Sounds good, @mingxuan. We can iterate on that. Are the other bug fixed all included in the one @bishtgautam pointed us to (https://github.com/ESCOMP/CTSM/commit/9e9900bf5c1725d9b1fb87a4d9c74260212034fb). That one does not including our current fix; and it seems to include more than just DryDepVelocity.F90. I think it is good idea to allow sometime to absorb those fixes.

bishtgautam commented 1 year ago

@bishtgautam , out of curiosity when rs = 0, is the dry deposition large or small?
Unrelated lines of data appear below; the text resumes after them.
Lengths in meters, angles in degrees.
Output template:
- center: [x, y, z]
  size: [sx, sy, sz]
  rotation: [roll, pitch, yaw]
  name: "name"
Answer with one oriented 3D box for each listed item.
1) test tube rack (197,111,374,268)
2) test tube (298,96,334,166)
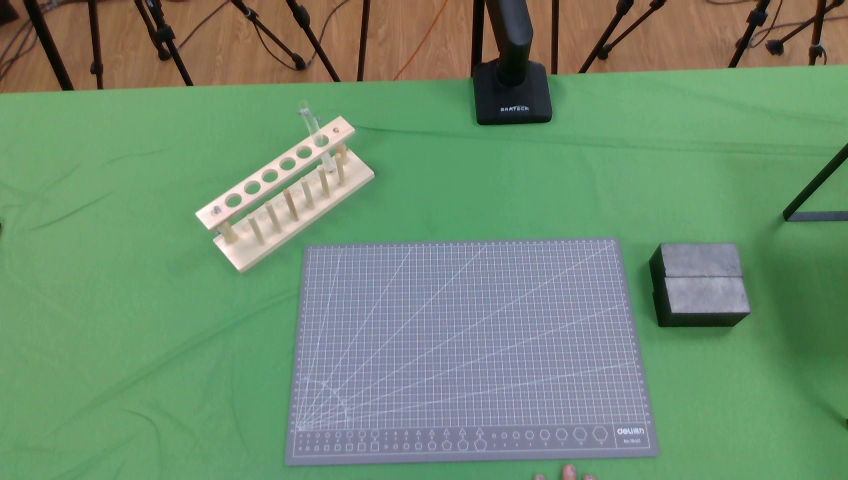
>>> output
- center: [-0.187, -0.072, 0.858]
  size: [0.242, 0.086, 0.066]
  rotation: [-39, 68, -18]
  name: "test tube rack"
- center: [-0.147, -0.147, 0.842]
  size: [0.017, 0.151, 0.017]
  rotation: [-2, 64, 4]
  name: "test tube"
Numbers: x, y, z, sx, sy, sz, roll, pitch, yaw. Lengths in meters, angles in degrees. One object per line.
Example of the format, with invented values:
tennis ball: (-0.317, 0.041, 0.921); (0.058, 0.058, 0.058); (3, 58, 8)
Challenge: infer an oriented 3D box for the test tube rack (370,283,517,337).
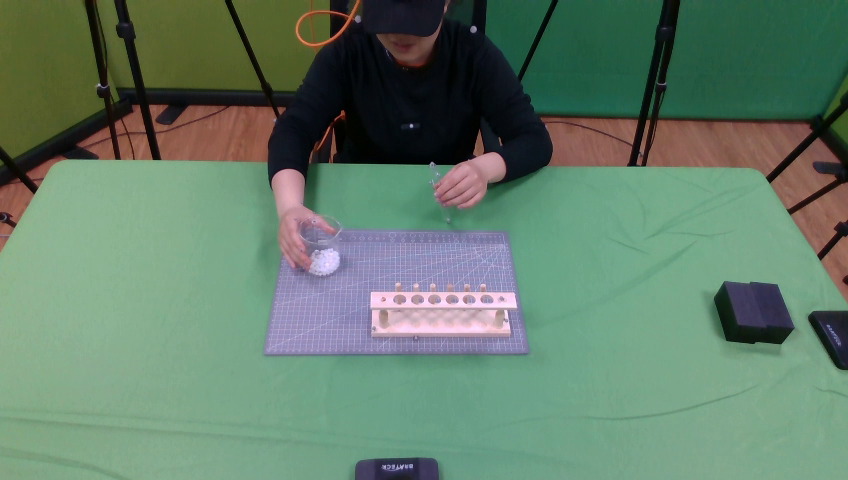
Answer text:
test tube rack: (0.030, 0.116, 1.041); (0.242, 0.085, 0.066); (1, 46, -4)

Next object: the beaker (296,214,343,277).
beaker: (-0.189, 0.013, 1.114); (0.084, 0.101, 0.073); (-9, 48, -14)

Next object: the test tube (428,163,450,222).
test tube: (0.031, -0.091, 1.195); (0.017, 0.151, 0.017); (-9, 46, 9)
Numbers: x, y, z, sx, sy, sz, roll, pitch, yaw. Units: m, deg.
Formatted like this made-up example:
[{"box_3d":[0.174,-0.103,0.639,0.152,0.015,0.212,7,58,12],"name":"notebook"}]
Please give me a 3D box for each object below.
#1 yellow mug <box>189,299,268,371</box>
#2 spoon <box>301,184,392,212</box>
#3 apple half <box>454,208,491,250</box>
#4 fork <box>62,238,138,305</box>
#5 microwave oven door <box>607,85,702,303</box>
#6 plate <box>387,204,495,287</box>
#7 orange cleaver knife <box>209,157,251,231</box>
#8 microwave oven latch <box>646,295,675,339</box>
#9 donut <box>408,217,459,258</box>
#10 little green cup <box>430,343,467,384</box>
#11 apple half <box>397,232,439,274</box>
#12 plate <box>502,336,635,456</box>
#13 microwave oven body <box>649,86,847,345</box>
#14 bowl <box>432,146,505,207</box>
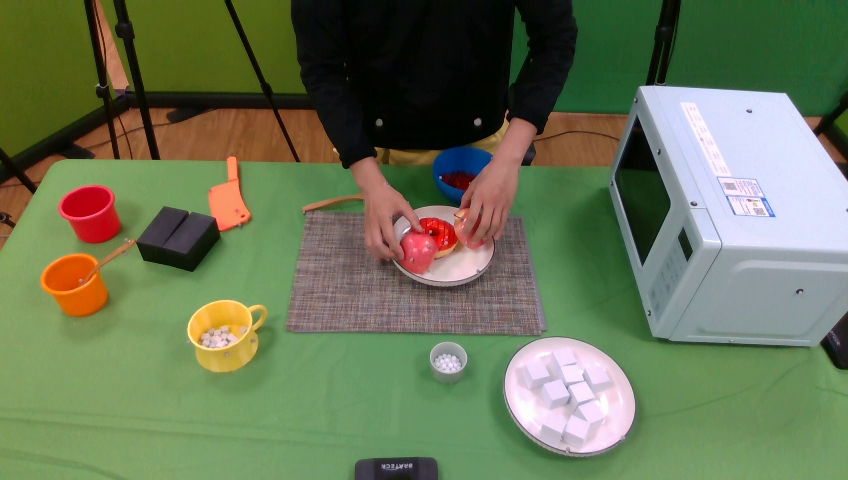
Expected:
[{"box_3d":[-0.316,0.148,1.002,0.131,0.064,0.099,-33,56,-31],"name":"yellow mug"},{"box_3d":[-0.162,-0.086,1.270,0.194,0.022,0.041,-11,63,-15],"name":"spoon"},{"box_3d":[0.098,-0.026,1.165,0.053,0.075,0.080,-31,23,23],"name":"apple half"},{"box_3d":[-0.547,0.053,1.018,0.207,0.019,0.028,-36,41,23],"name":"fork"},{"box_3d":[0.423,-0.094,1.141,0.039,0.245,0.353,2,46,-1],"name":"microwave oven door"},{"box_3d":[0.033,0.014,1.171,0.209,0.038,0.208,2,46,-2],"name":"plate"},{"box_3d":[-0.409,-0.099,1.266,0.077,0.012,0.210,-14,50,-10],"name":"orange cleaver knife"},{"box_3d":[0.412,0.134,1.061,0.030,0.029,0.078,4,45,1],"name":"microwave oven latch"},{"box_3d":[0.018,-0.006,1.173,0.099,0.048,0.098,6,41,-5],"name":"donut"},{"box_3d":[0.039,0.203,0.994,0.061,0.039,0.061,2,46,-2],"name":"little green cup"},{"box_3d":[-0.014,0.022,1.121,0.081,0.033,0.081,0,86,5],"name":"apple half"},{"box_3d":[0.225,0.248,0.964,0.208,0.039,0.206,2,46,-2],"name":"plate"},{"box_3d":[0.568,-0.053,1.118,0.326,0.261,0.439,2,45,-1],"name":"microwave oven body"},{"box_3d":[0.091,-0.124,1.286,0.151,0.077,0.150,2,46,-2],"name":"bowl"}]

If rs represents resistance, the dry dep flux would be large when rs=0. Right?

@tangq Unfortunately, I don't have the relevant background related to dry deposition modeling to answer your question.

tangq commented 1 year ago

@mingxuanwupnnl , are there links to those CESM2 dry deposition velocity bug fixes besides the one @bishtgautam shared?

hwangacme commented 1 year ago

@bishtgautam , out of curiosity when rs = 0, is the dry deposition large or small? If rs represents resistance, the dry dep flux would be large when rs=0. Right?

@tangq Unfortunately, I don't have the relevant background related to dry deposition modeling to answer your question.

Qi, I think surface resistance, as one of the contributing terms, is proportional to dry deposition flux, so when rs=0, there is no contribution from surface resistance, but other terms can contribute to dry deposition.

mingxuanwupnnl commented 1 year ago

@wlin7 @tangq I think the one @bishtgautam shared is good. It also include the fix #4678 to some extent. Also, I think we need to set rs to 1e+36 for default for where the issue is, since it is the denominator. I need to take a deeper look into this.

tangq commented 1 year ago

@hwangacme , @mingxuanwupnnl , I reached out to Sam Silva, who confirmed that the rs variable represents the stomatal resistance and factors inversely into a dry deposition calculation. It is recommended to use rs = 1.e36_r8 where there are no sunlit or shaded leaves.

wlin7 commented 1 year ago

Setting rs = 1e36 when no sunlit/shaded leaves may be a more formal way. For record, just to note that previous zero rs value did not take effect except for index_pan and index_xpan (as seen in the codes), as immediately below that line, it sets rsmx=1e36 if rs=0.